For the App Attest generateKey / attestKey / generateAssertion scaffolding, reuse the OryApi helper from the
second-factor guide. The PIN listing above calls DCAppAttestService directly only to keep the
challenge computation visible. On iOS, biometric first-factor login also requires the ios_biometric_first_factor opt-in — see
Configuration.
Changing the PIN and rotating the secret
Changing the PIN is a purely local operation — no server call. Unseal the secret with the old PIN, then seal it again with the
new PIN. PinVault.seal generates a fresh salt and IV, so the whole stored blob changes, but the pin_secret, client_key_id,
and signing key are unchanged. The server never learns that the PIN changed.
var oldPin: [UInt8] = /* entered old PIN */
var pinSecret = try PinVault.unseal(artifacts: artifacts, pin: &oldPin, sealingKey: sealingKey)
defer { for i in pinSecret.indices { pinSecret[i] = 0 } }
var newPin: [UInt8] = /* entered new PIN */
let updated = try PinVault.seal(
pinSecret: &pinSecret, pin: &newPin, sealingKey: sealingKey,
clientKeyId: artifacts.clientKeyId, appAttestKeyId: artifacts.appAttestKeyId,
sealingKeyTag: artifacts.sealingKeyTag,
opsLimit: artifacts.opsLimit, memLimit: artifacts.memLimit)
// Persist `updated` in place of the old artifacts.

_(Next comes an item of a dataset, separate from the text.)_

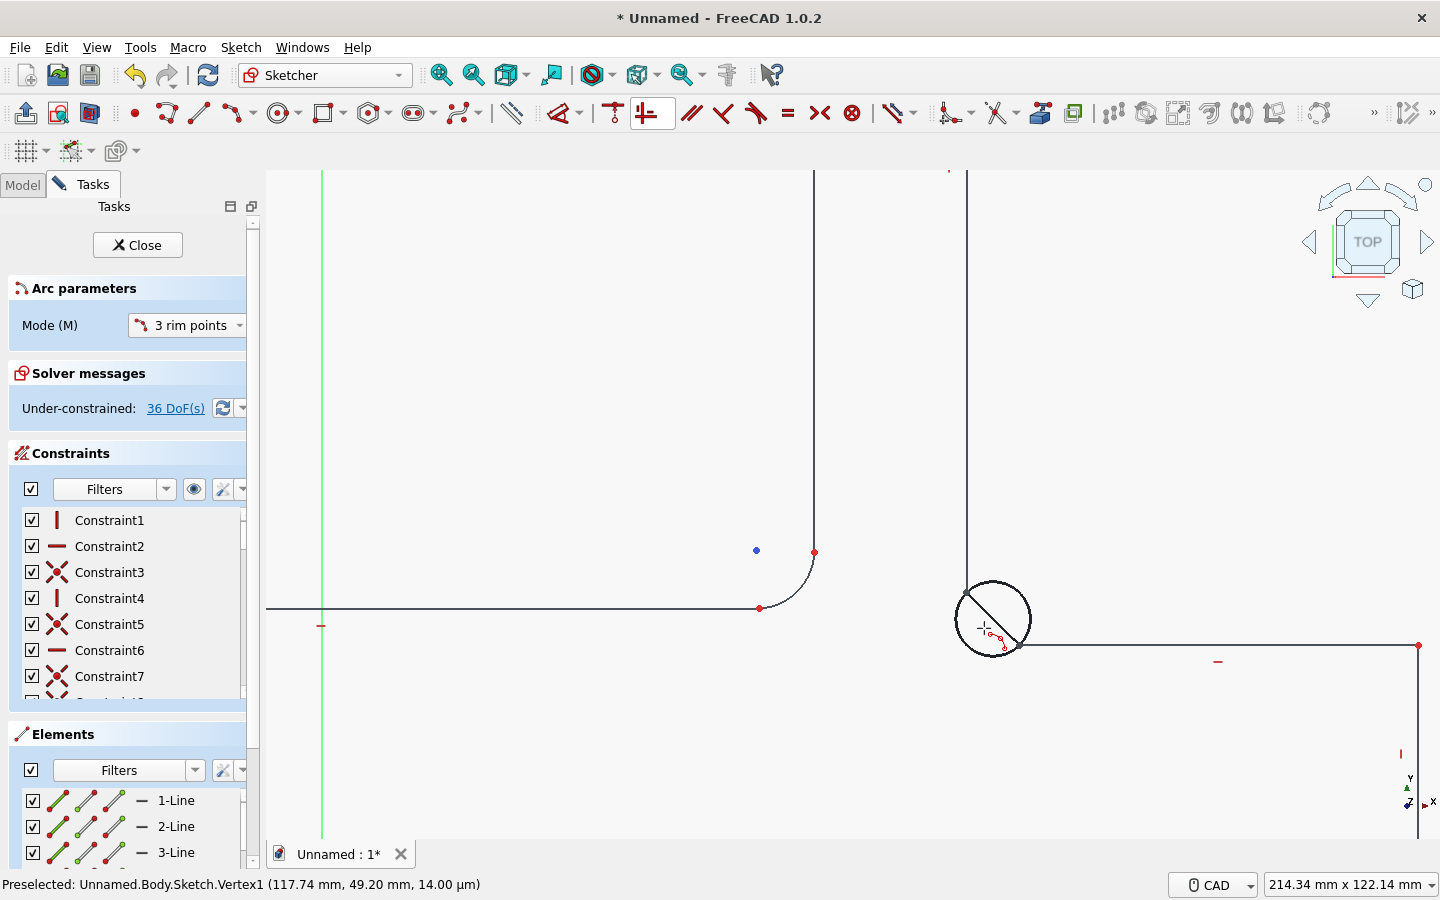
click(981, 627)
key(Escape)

Rotating the secret needs the server. It is the recovery path for a forgotten PIN or a locked key: the server issues a fresh
pin_secret for the same signing key. Start a settings flow under a privileged session, then:
- Create a fresh
PinCeremony— a new ephemeral transport key. - Call
signRotationChallenge(nonce:appAttestKeyId:)with the flow nonce and the key's App Attest key id. It signs the rawnonce ‖ t_pubconcatenation, unhashed. - Submit the
rotate_secretpayload withclient_key_id, the freshtransport_public_key, and that signature (see Rotating the PIN secret). - Open the new secret from the response's
continue_withwithopenSealedSecret, exactly as at enrollment. - Capture the user's PIN — a new one if they forgot the old — and
PinVault.sealthe new secret with a fresh salt and IV, then replace the stored artifacts.
The signing key and its client_key_id never change; only the sealed secret does. Only PIN keys can be rotated.